Hi, can anyone give me a discount code? Pm me if you can, cheers! :wave:


----------



## Caz (Jul 23, 2019)

I saw one somewhere yesterday - was it on here or Motorhomer? Or one of many facebook groups...................


----------



## carol (Jul 23, 2019)

Caz said:


> I saw one somewhere yesterday - was it on here or Motorhomer? Or one of many facebook groups...................



Thanks Caz, got it! :wave:


----------



## oppy (Jul 23, 2019)

carol said:


> Hi, can anyone give me a discount code? Pm me if you can, cheers! :wave:



You can use mine, it'll cost you anther glass of red though:lol-053:


----------



## carol (Jul 23, 2019)

oppy said:


> You can use mine, it'll cost you anther glass of red though:lol-053:



Thanks Oppy, Caz sent me one but I’ll still stand you a glass for offering!


----------



## oppy (Jul 23, 2019)

carol said:


> Thanks Oppy, Caz sent me one but I’ll still stand you a glass for offering!

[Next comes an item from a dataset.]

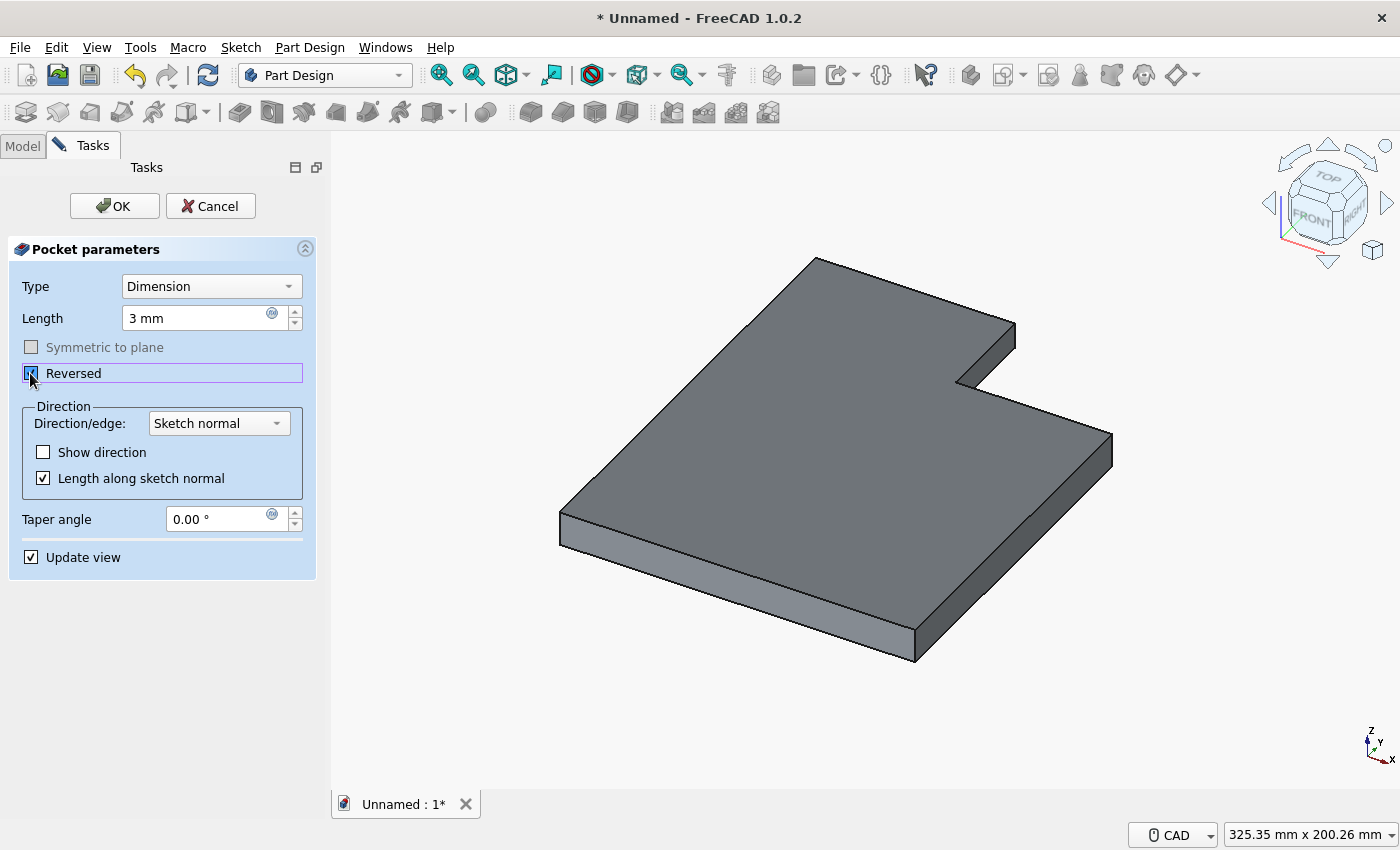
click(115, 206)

Oh you wonderful girl, that must be nearly a bottle by now :tongue::tongue::tongue::lol-049:


----------



## redhand (Jul 24, 2019)

Wish this thread had been last sat when i booked for the new year. Prices up by 25% in comparision to the previous two years, presumably due to poor  pound/euro rate.
How much discount do they offer ?


----------



## witzend (Jul 24, 2019)

redhand said:


> How much discount do they offer ?





France Membership | Club Voyage - Travel Club     worth joining if you regularly sail with them 30% off + other benefits. If you use someone else's code its 10% on ferry only


----------



## oppy (Jul 24, 2019)

witzend said:


> France Membership | Club Voyage - Travel Club     worth joining if you regularly sail with them 30% off + other benefits. If you use someone else's code its 10% on ferry only



A couple of trips a year almost pays for itself plus a free cabin on daytime trips. 10% off Spain crossing too


----------



## witzend (Jul 24, 2019)

oppy said:


> A couple of trips a year almost pays for itself plus a free cabin on daytime trips. 10% off Spain crossing too


First year is more as you have to pay the joining fee but This year on our first return trip we saved the £70 + 2 free breakfast,s  we make 3 returns a year so makes sense to be a member we joined years ago when it was owners abroad club


----------



## redhand (Jul 24, 2019)

Thanks for info. We did look into joining a few years back but felt it wasnt worth for the one winter trip a year we do. Nice that members will share code to save 10% . Well done wildcampers


----------